(Data entries)

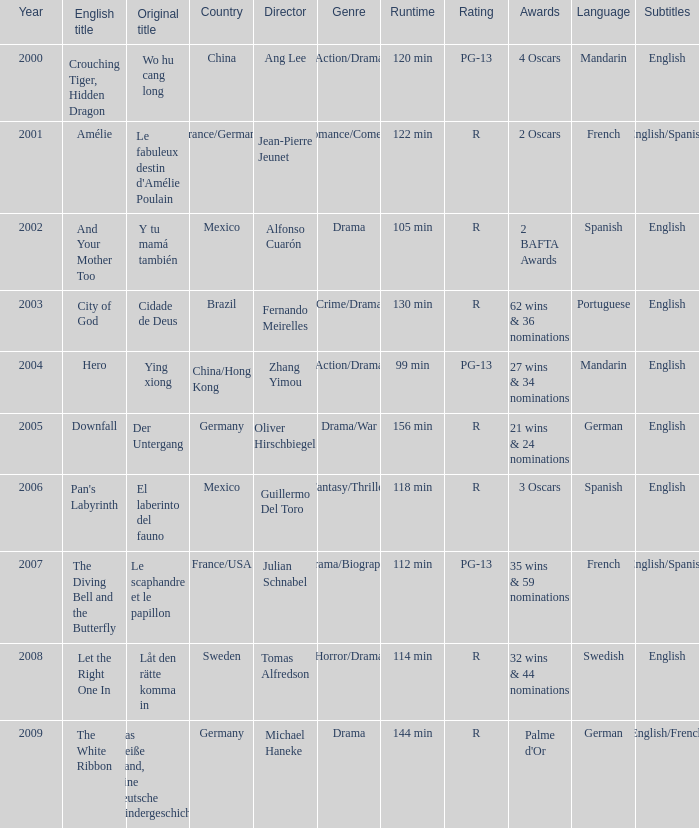Tell me the country for julian schnabel France/USA. 
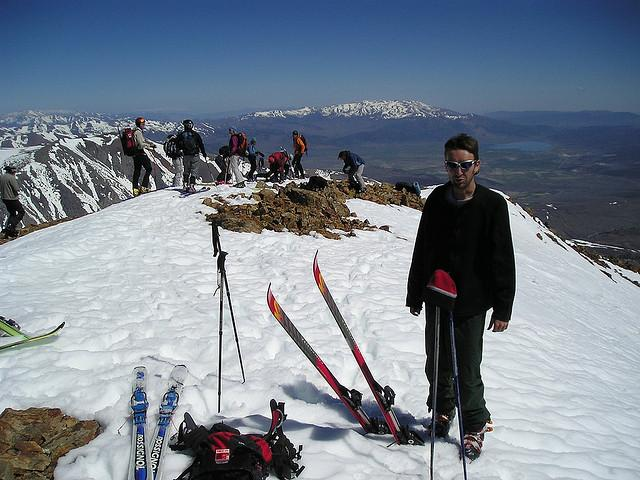How will everyone get off the top of the mountain? ski down 
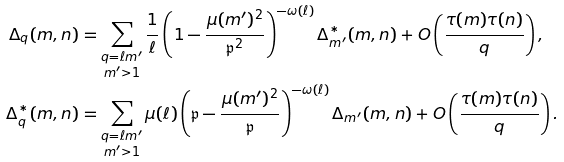<formula> <loc_0><loc_0><loc_500><loc_500>\Delta _ { q } ( m , n ) & = \sum _ { \substack { q = \ell m ^ { \prime } \\ m ^ { \prime } > 1 } } \frac { 1 } { \ell } \left ( 1 - \frac { \mu ( m ^ { \prime } ) ^ { 2 } } { \mathfrak { p } ^ { 2 } } \right ) ^ { - \omega ( \ell ) } \Delta ^ { * } _ { m ^ { \prime } } ( m , n ) + O \left ( \frac { \tau ( m ) \tau ( n ) } { q } \right ) , \\ \Delta ^ { * } _ { q } ( m , n ) & = \sum _ { \substack { q = \ell m ^ { \prime } \\ m ^ { \prime } > 1 } } \mu ( \ell ) \left ( \mathfrak { p } - \frac { \mu ( m ^ { \prime } ) ^ { 2 } } { \mathfrak { p } } \right ) ^ { - \omega ( \ell ) } \Delta _ { m ^ { \prime } } ( m , n ) + O \left ( \frac { \tau ( m ) \tau ( n ) } { q } \right ) .</formula> 
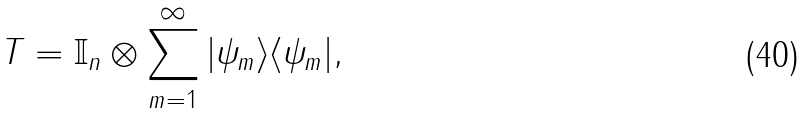<formula> <loc_0><loc_0><loc_500><loc_500>T = \mathbb { I } _ { n } \otimes \sum _ { m = 1 } ^ { \infty } | \psi _ { m } \rangle \langle \psi _ { m } | ,</formula> 
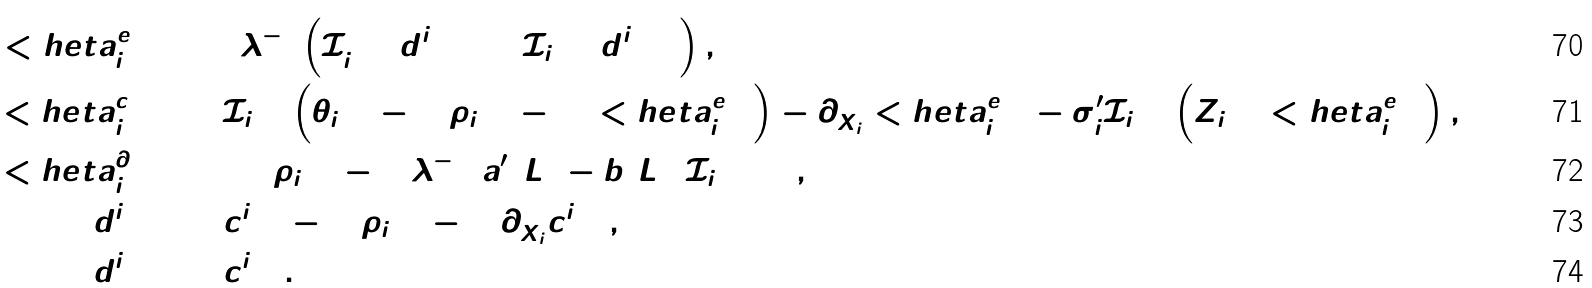Convert formula to latex. <formula><loc_0><loc_0><loc_500><loc_500>< h e t a ^ { e } _ { i + 1 } \colon = & 2 \lambda ^ { - 1 } \left ( { \mathcal { I } } _ { i + 1 } ^ { 2 } ( d _ { 2 } ^ { i + 1 } ) + { \mathcal { I } } _ { i + 1 } ( d ^ { i + 1 } _ { 1 } ) \right ) , \\ { < h e t a } _ { i + 1 } ^ { c } \colon = & { { \mathcal { I } } } _ { i + 1 } \left ( \bar { \theta } _ { i + 1 } - ( 2 \rho _ { i + 1 } - 1 ) < h e t a ^ { e } _ { i + 1 } \right ) - \partial _ { \bar { X } _ { i } } < h e t a ^ { e } _ { i + 1 } - \sigma ^ { \prime } _ { i } { { \mathcal { I } } } _ { i + 1 } \left ( Z _ { i + 1 } < h e t a ^ { e } _ { i + 1 } \right ) , \\ { < h e t a } _ { i + 1 } ^ { \partial } \colon = & 2 ( 2 \rho _ { i + 1 } - 1 ) \lambda ^ { - 1 } ( a ^ { \prime } ( L ) - b ( L ) ) { \mathcal { I } } _ { i + 1 } ( 1 ) , \\ d _ { 1 } ^ { i + 1 } \colon = & c _ { 1 } ^ { i + 1 } - ( 2 \rho _ { i + 1 } - 1 ) \partial _ { \bar { X } _ { i } } c _ { 2 } ^ { i + 1 } , \\ d _ { 2 } ^ { i + 1 } \colon = & c _ { 2 } ^ { i + 1 } .</formula>

◆ YOUR INSTRUCTIONS ◆
Reproduce only the lines from the beginning of the data through the line that contains "How will everyone", both included, and please drop the pictures.

◆ TASK RESPONSE ◆
Tell me the country for julian schnabel France/USA. 
How will everyone get off the top of the mountain? ski down 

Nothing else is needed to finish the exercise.